Наталия Нарочницкая долго объяснялась в любви Сербии к России. Значит ли это, что Сербия не разрывается сейчас между этой вековечной любовью к нашей стране и время от времени вспыхивающей — к Евросоюзу?

Наталия Нарочницкая описала универсальную формулу приобретения новых земель:

— Еще Карамзин писал: «Все это нами сотворено, а значит, наше»!

Она с энтузиазмом пророчествовала (видимо, хорошо выспалась в тяжком четырехчасовом ожидании встречи):

— Не хороните Россию преждевременно — наступит день! И он настал! Она восстанет из мнимого гроба и потребует назад свои права!

Остается надеяться, что гроб-то мнимый. Но все равно очень страшно.

— Владимир Владимирович, об изучении, преподавании и популяризации истории буквально два слова! — воскликнула Наталия Нарочницкая.— Я пыталась своим внукам — 7 и 11 лет — купить маечку с каким-нибудь русским богатырем, персонажем из русских сказок — Ильей Муромцем. Только Бэтмен (она, конечно, сделала ударение на втором слоге.— А. К.), Спайдермен, в «Детском мире» монстры всякие! Они неплохие — эти Спайдермены и Бэтмены. Они там, как правило, за хорошее выступают. Но почему этого нет?!!

То есть Ильи Муромца.

Да было уже понятно, что вице-премьер Денис Мантуров сейчас получит новый срочный заказ.

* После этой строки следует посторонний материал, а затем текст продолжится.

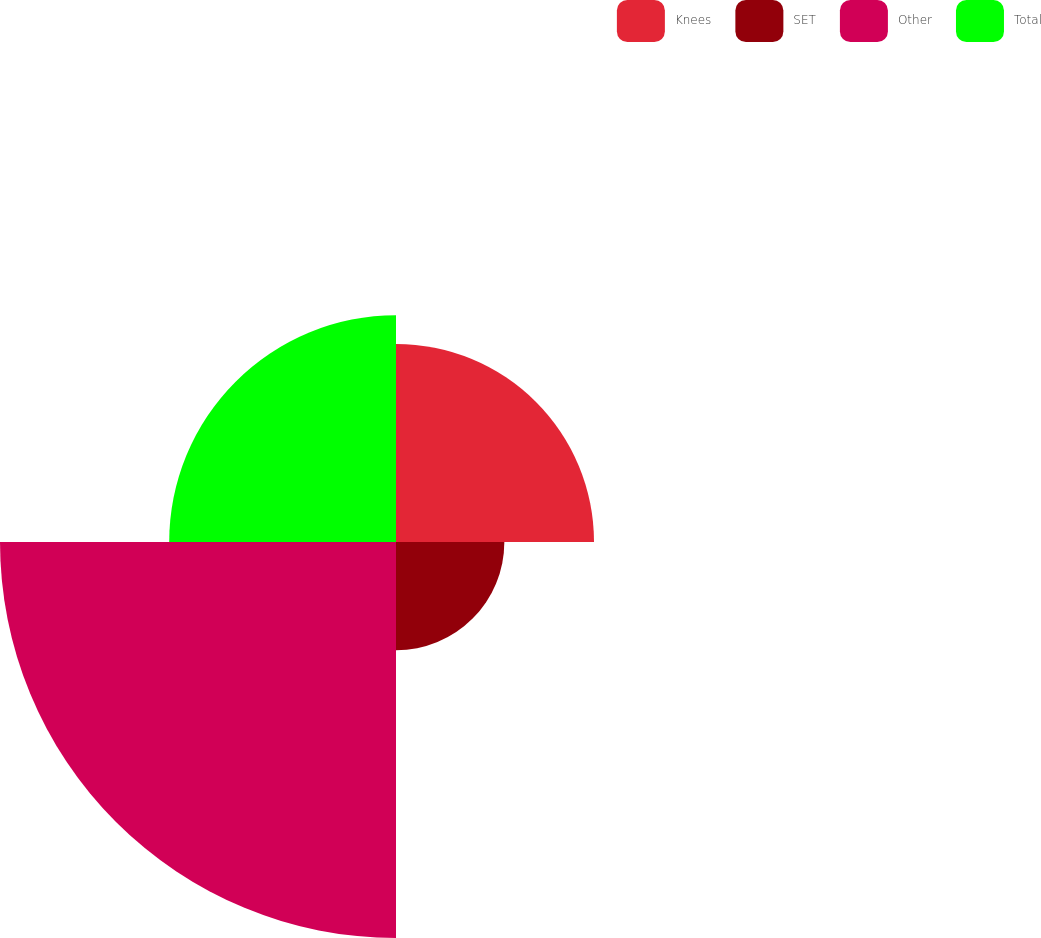<chart> <loc_0><loc_0><loc_500><loc_500><pie_chart><fcel>Knees<fcel>SET<fcel>Other<fcel>Total<nl><fcel>21.31%<fcel>11.66%<fcel>42.62%<fcel>24.41%<nl></chart>

— Владимир Владимирович, сербы просили передать вам низкий поклон,— вернулась Наталия Нарочницкая к главному.— Знаете за что? Они сказали, что нет больше страны, руководства и лидера с такой невиданной национальной государственной волей (не это ли, как считают некоторые на коллективном Западе, всех нас и погубит? — А. К.)! Мы молимся за вас и за вашу волю вместе с сербами!

— Мы, конечно, одушевлены нашей встречей! — признался и Александр Чубарьян.

И тут я обратил внимание, что, хотя встреча закончилась и президент России пошел к выходу, Александр Чубарьян окликнул его. Владимир Путин остановился, тот подошел и еще поговорил с ним.

А вот в этом уже содержалась угроза национальной безопасности. Александр Чубарьян, в отличие от всех, кто окружал Владимира Путина в этот день (включая всех волонтеров, а их было человек 30), не содержался на десятидневном карантине. Он, как и остальные историки, лишь сдал три ПЦР-теста за три дня плюс еще один прямо в Манеже и поэтому сидел во время встречи на санитарном отдалении от президента — не в чистой, а в грязной зоне. А граница-то между ними для тех, кто ее видит, хуже государственной. И охраняется так же. Но его не остановили: господин Путин сделал знак.

— Ой, а я этого даже не понял,— огорченно сказал мне потом Александр Чубарьян.— Просто подошел!

— А зачем? — не удержался я.

— Предложил еще издать антологию международных политических систем,— признался Александр Чубарьян.— Чрезвычайно нужная вещь! Встретил понимание!

Дорого могло бы стоить издание такой антологии.